**ABOUT THIS TASK:**
Apart from the images, reproduce every record word for word.

**PROVIDED INFORMATION:**
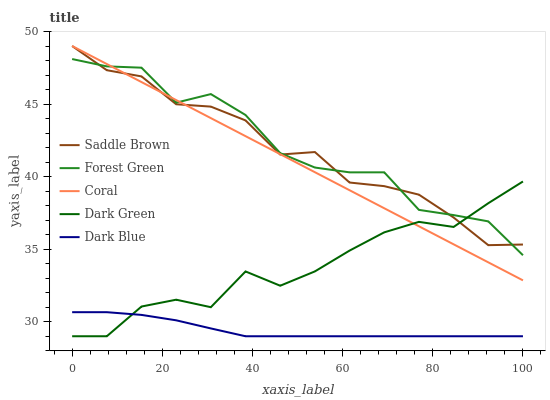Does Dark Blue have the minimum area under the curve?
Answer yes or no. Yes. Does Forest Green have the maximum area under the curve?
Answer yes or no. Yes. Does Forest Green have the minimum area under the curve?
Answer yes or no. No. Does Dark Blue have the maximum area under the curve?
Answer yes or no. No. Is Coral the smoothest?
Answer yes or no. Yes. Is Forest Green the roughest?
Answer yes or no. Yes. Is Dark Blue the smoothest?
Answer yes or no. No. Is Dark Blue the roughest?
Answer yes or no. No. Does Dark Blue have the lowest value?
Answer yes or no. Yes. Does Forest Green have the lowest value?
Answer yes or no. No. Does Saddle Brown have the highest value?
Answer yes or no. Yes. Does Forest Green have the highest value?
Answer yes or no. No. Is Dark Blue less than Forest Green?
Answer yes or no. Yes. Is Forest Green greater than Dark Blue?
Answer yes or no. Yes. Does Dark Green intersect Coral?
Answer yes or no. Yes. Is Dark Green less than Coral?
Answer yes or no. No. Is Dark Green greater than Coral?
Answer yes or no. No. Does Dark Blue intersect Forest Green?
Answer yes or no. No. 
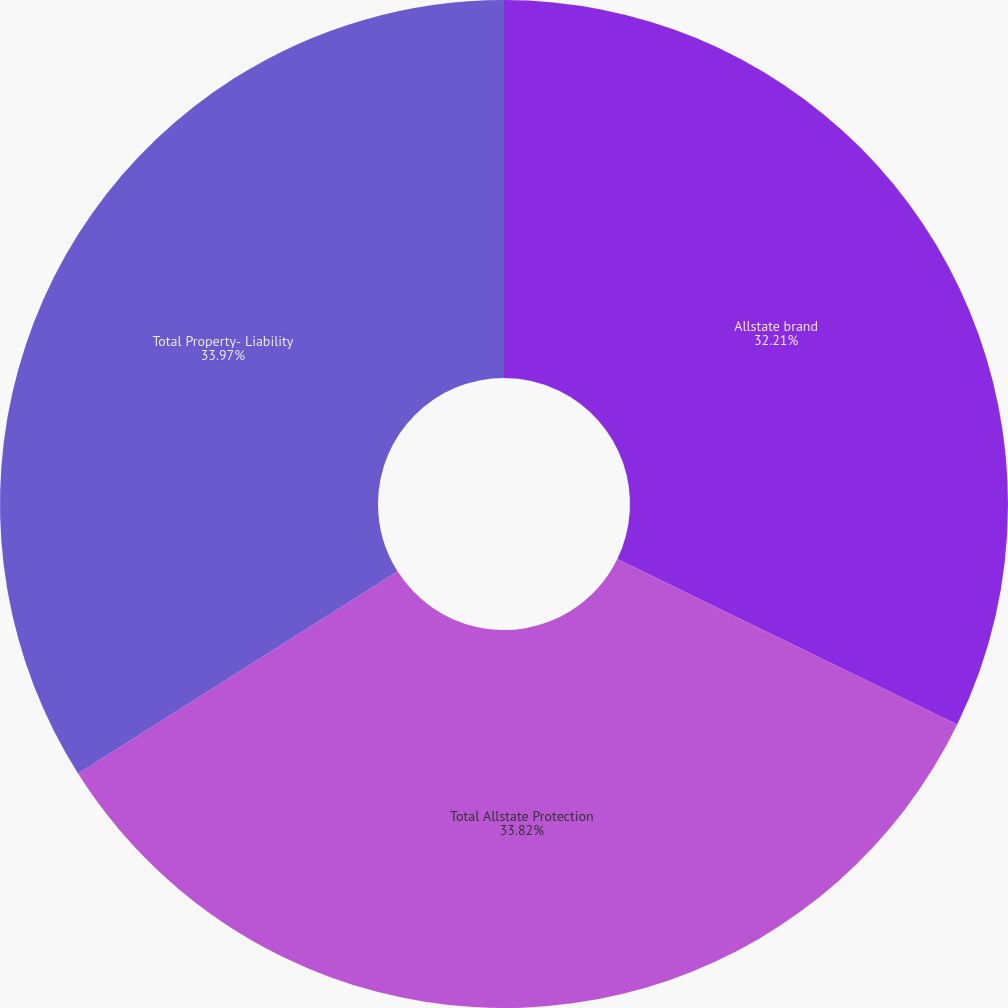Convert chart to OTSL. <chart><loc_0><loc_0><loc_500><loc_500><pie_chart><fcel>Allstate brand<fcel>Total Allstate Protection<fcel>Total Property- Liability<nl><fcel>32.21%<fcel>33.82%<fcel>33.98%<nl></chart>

**EXERCISE SOLUTION:**
Does Dark Blue have the minimum area under the curve?
Answer yes or no. Yes. Does Forest Green have the maximum area under the curve?
Answer yes or no. Yes. Does Forest Green have the minimum area under the curve?
Answer yes or no. No. Does Dark Blue have the maximum area under the curve?
Answer yes or no. No. Is Coral the smoothest?
Answer yes or no. Yes. Is Forest Green the roughest?
Answer yes or no. Yes. Is Dark Blue the smoothest?
Answer yes or no. No. Is Dark Blue the roughest?
Answer yes or no. No. Does Dark Blue have the lowest value?
Answer yes or no. Yes. Does Forest Green have the lowest value?
Answer yes or no. No. Does Saddle Brown have the highest value?
Answer yes or no. Yes. Does Forest Green have the highest value?
Answer yes or no. No. Is Dark Blue less than Forest Green?
Answer yes or no. Yes. Is Forest Green greater than Dark Blue?
Answer yes or no. Yes. Does Dark Green intersect Coral?
Answer yes or no. Yes. Is Dark Green less than Coral?
Answer yes or no. No. Is Dark Green greater than Coral?
Answer yes or no. No. Does Dark Blue intersect Forest Green?
Answer yes or no. No. 
Convert chart to OTSL. <chart><loc_0><loc_0><loc_500><loc_500><pie_chart><fcel>Allstate brand<fcel>Total Allstate Protection<fcel>Total Property- Liability<nl><fcel>32.21%<fcel>33.82%<fcel>33.98%<nl></chart>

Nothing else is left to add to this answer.